When D-lactate was replaced as substrate, the enzyme did not significantly act with D-malate, L-malate, D-tartrate and L-tartrate, but some oxidation of L-lactate and DL-2-hydroxybutyrate was observed ( < 5% of the activity observed for D-lactate). The comparison of the absorption spectra of the purified protein from C. glutamicum
with those Angiogenesis inhibitor of the NAD-dependent D-lactate dehydrogenase from Leuconostoc mesenteroides revealed that the absorption maxima at 375 nm and 445 nm were observed only for the protein from C. glutamicum. These spectral features agree well with those for FAD. Moreover, the primary structure of the D-lactate dehydrogenase from C. glutamicum contains a domain (aa 50-187) similar to the FAD binding domain 4 found in the members of the protein family pfam01565. These GF120918 mw results suggest that D-lactate dehydrogenase from C. glutamicum contains FAD as a bound cofactor. Taken together, it is concluded that cg1027 encodes
quinone-dependent D-lactate dehydrogenase (EC 220.127.116.11) from C. glutamicum and, thus, was named dld. Dld is required for utilization of D-lactate In order to determine the role of quinone-dependent D-lactate dehydrogenase Dld for growth of C. glutamicum on D-lactate and racemic DL-lactate, a defined dld disruption mutant and dld overexpression plasmids for complementation were constructed. The constructed strains were assayed for Dld activity in crude extracts obtained after GDC-0449 in vitro growth in LB medium containing kanamycin and IPTG when appropriate. Crude extracts Ibrutinib purchase of C. glutamicum WT and WT(pEKEx3) contained about 0.10 U mg-1 Dld activity (Figure 1), while no Dld activity was detectable in C. glutamicum ::dld (pEKEx3). Overexpression of dld resulted in about three fold higher Dld activity in WT(pEKEx3-dld)

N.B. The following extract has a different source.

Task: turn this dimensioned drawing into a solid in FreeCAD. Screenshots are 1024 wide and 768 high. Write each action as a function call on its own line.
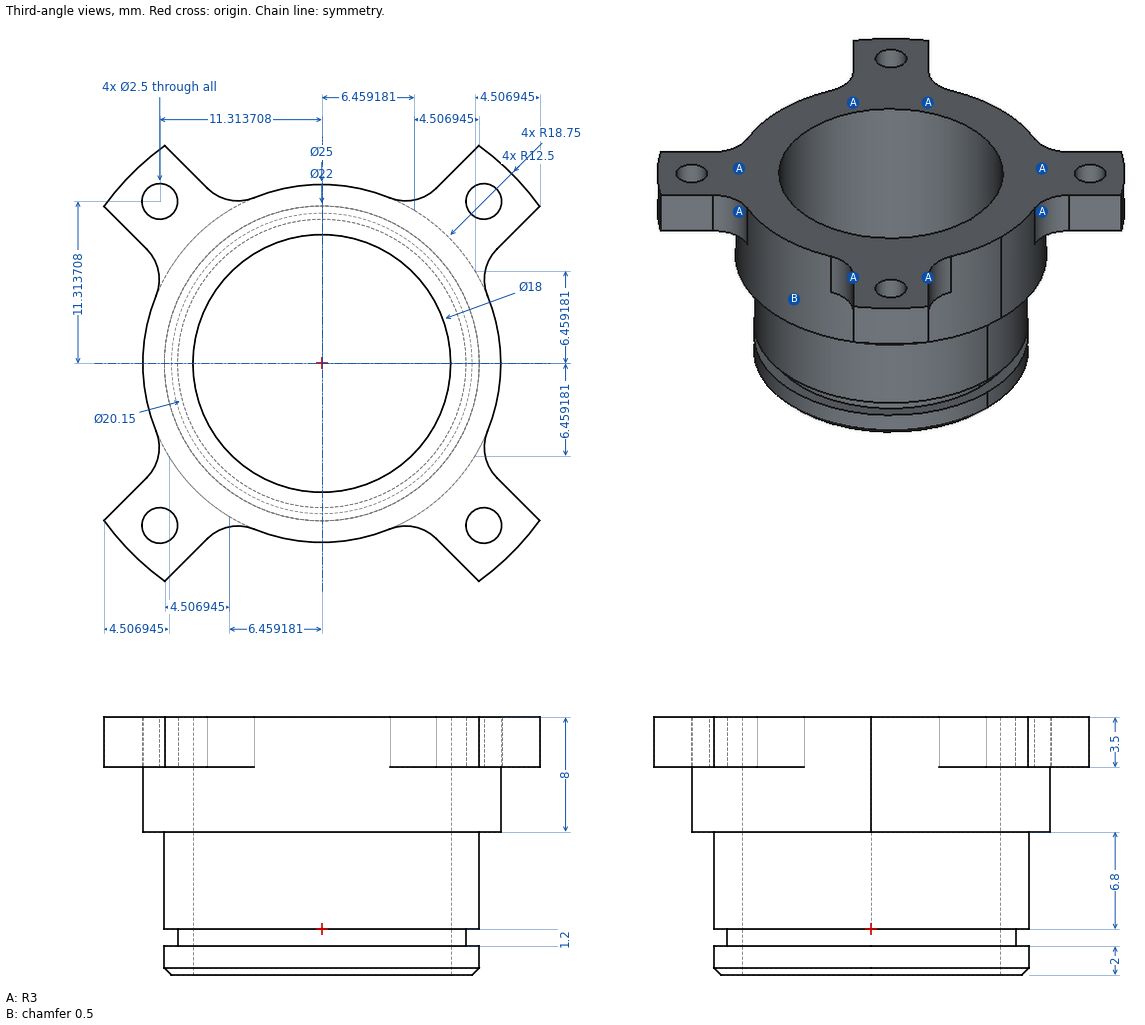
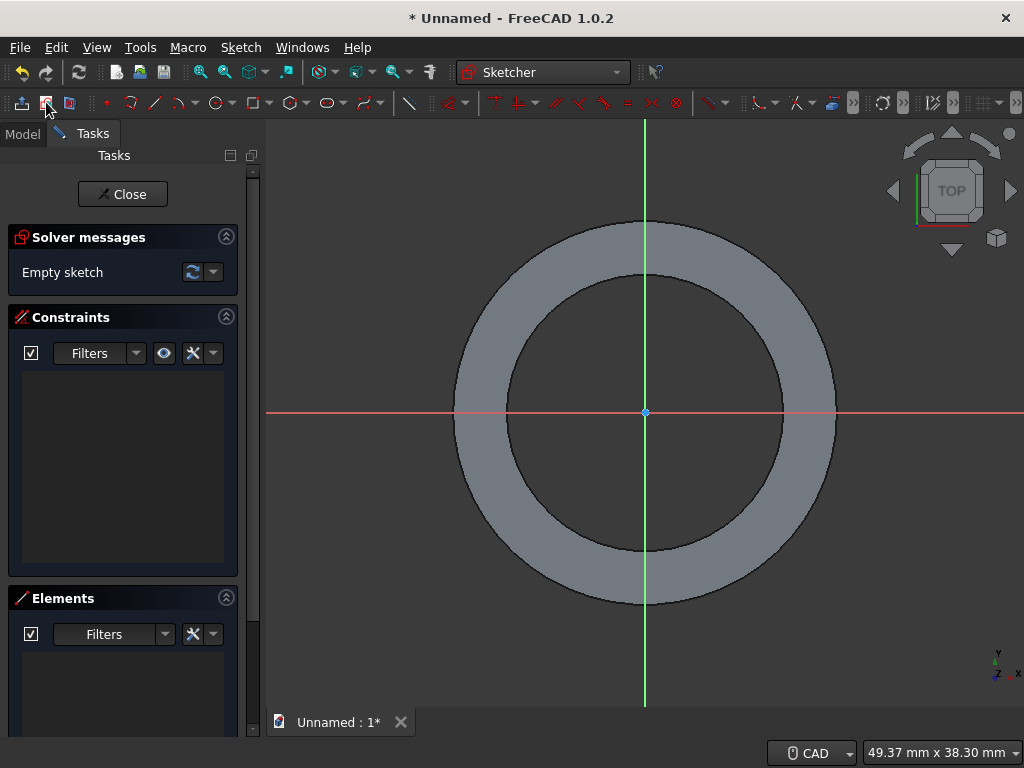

than in the empty vector control. Growth experiments with C. glutamicum strains WT(pEKEx3), WT(pEKEx3-dld), ::dld(pEKEx3), and ::dld(pEKEx3-dld) in CgXII mineral medium containing 100 mM D-lactate and 1 mM IPTG revealed that dld is required for growth of C. glutamicum on D-lactate as sole carbon and energy source as only strains with intact dld either on the chromosome or on plasmid could grow (Figure 1). Figure 1 Specific activities of the quinone-dependent D-lactate dehydrogenase Dld (A) and growth (B) of various C. glutamicum strains. Specific Dld activities (A) were determined after growth in LB complex medium containing 1 mM IPTG. The values represent means and standard deviations of at least three independent cultivations. Growth (B) of C. glutamicum WT(pEKEx3) (diamonds), WT(pEKEx3-dld) (circles), ::dld(pEKEx3) (squares), and ::dld(pEKEx3-dld) (triangles) in CgXII mineral medium containing 100 mM D-lactate and 1 mM IPTG was monitored as OD600nm (open symbols). The concentration of D-lactate in the supernatant was measured by HPLC (closed symbols). Averages and experimental errors from at least three independent growth experiments are shown.